Spesso il cinema si è interrogato sul valore feticistico del filmare, powellianamente concepito come attrazione scopofila verso la morte al lavoro o inscritto dentro dinamiche di innocenza/colpevolezza nell'opera di cineasti come De Palma o Haneke. L'ultima devastante opera di Kim Ki-duk, fuori concorso a Venezia e già in uscita nelle sale italiane, rielabora molte di queste ossessioni alla luce di una poetica, come quella del regista coreano, unica nel panorama cinematografico internazionale.
Moebius è il tassello più estremo all'interno di una filmografia già tra le più radicali del cinema contemporaneo. Loop allucinato di incendiaria intensità, parabola di soppressione/sublimazione del desiderio sessuale che continuamente si riavvolge su se stessa, catartico e violentissimo itinerario verso una ridefinizione profonda del senso ultimo del filmare, amputazione di qualsiasi linguaggio verbale dal corpo del film, che scopre di poter vivere soltanto di gesti, rumori, sguardi.
Diversi sono i cineasti che nelle opere presentate in questa edizione della Mostra hanno trovato nel silenzio la cifra per raccontare il nostro tempo, da Groening a Tsai Ming-Liang. Una tendenza che, insieme a quella di esplorare le dinamiche di nuclei familiari sempre più in crisi, colloca il film di Kim Ki-duk al centro del filo conduttore di questa edizione, ma che, come spesso accade con il cineasta coreano, si declina in valori formali e teorici di ineguagliata originalità.

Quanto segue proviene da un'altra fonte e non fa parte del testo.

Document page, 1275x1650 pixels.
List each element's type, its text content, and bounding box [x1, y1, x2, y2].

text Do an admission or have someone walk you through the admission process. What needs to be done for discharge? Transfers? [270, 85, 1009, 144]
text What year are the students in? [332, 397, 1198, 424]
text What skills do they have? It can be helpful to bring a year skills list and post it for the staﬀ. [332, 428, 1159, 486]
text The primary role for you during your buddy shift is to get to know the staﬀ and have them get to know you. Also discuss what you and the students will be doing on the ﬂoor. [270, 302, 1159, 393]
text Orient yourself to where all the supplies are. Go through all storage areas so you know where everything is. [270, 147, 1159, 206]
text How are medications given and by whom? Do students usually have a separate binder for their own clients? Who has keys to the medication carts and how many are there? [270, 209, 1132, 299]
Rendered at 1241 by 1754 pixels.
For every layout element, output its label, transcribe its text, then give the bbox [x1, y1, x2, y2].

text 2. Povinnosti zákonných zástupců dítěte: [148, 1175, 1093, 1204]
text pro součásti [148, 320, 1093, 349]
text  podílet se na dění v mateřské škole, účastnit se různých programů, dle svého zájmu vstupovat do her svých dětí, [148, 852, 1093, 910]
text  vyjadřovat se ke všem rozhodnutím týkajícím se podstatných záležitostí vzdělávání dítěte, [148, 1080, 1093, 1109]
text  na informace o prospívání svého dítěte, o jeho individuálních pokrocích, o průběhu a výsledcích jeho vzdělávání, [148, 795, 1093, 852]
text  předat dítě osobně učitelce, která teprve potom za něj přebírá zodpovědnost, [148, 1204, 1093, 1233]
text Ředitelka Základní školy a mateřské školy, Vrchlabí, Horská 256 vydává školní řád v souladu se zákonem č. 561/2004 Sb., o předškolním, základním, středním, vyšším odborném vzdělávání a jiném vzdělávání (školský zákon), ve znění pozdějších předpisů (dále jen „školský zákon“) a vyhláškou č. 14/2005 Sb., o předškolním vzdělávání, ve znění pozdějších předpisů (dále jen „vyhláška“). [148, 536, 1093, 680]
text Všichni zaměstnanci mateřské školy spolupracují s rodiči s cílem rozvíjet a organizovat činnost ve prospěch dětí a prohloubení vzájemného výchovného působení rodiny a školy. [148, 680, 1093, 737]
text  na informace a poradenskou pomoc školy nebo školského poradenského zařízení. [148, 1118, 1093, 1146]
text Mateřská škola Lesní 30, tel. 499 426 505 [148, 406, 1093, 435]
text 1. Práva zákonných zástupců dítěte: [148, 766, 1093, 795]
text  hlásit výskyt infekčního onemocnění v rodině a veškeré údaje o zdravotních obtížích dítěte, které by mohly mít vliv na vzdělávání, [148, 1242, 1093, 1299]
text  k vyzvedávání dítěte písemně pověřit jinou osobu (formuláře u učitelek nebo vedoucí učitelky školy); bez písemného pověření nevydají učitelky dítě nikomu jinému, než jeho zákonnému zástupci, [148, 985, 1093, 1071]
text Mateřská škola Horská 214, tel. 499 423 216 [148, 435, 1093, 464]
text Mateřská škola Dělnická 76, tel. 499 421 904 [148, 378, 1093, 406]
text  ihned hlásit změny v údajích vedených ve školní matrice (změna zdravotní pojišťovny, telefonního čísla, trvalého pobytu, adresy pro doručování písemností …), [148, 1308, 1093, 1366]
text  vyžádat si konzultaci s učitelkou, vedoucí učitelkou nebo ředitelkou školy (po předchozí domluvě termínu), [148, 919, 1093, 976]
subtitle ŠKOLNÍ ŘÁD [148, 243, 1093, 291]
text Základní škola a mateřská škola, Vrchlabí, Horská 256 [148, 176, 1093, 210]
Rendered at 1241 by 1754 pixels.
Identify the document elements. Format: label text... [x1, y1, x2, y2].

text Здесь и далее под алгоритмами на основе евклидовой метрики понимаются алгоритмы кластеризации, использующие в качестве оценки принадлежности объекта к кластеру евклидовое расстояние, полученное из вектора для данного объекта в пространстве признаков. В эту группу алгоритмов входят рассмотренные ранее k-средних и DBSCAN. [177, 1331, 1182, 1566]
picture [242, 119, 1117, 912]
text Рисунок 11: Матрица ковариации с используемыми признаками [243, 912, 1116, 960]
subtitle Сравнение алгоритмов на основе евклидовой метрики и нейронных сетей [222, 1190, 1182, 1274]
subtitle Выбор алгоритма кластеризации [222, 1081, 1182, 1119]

Moebius, nel percorso artistico del regista di Ferro3 e L'isola, arriva in un momento particolare e decisivo. Se Pieta per Kim Ki-duk ha rappresentato una trionfale rentrée nell'ambiente cinematografico, non bisogna dimenticare quanto, sul piano umano ed artistico, abbia su di lui pesato il lungo periodo di inattività forzata che lo aveva preceduto. Se Arirang sembrava annunciare il punto zero nella autodistruzione del suo corpo-cinema, e Pieta ne ha sancito la gloriosa resurrezione, Moebius è l'atto liberatorio e onanistico di un cineasta scampato alla morte che celebra il cinema nella sua più cristallina essenzialità. Atto sessuale e atto del filmare, entrambi gesti generatori di vita e di piacere, nella furente potenza di Moebius si confondono in un unico esaltante amplesso. Desiderato, negato, e infine sublimato nella pacificata serenità di un sorprendente, magnifico sguardo in macchina.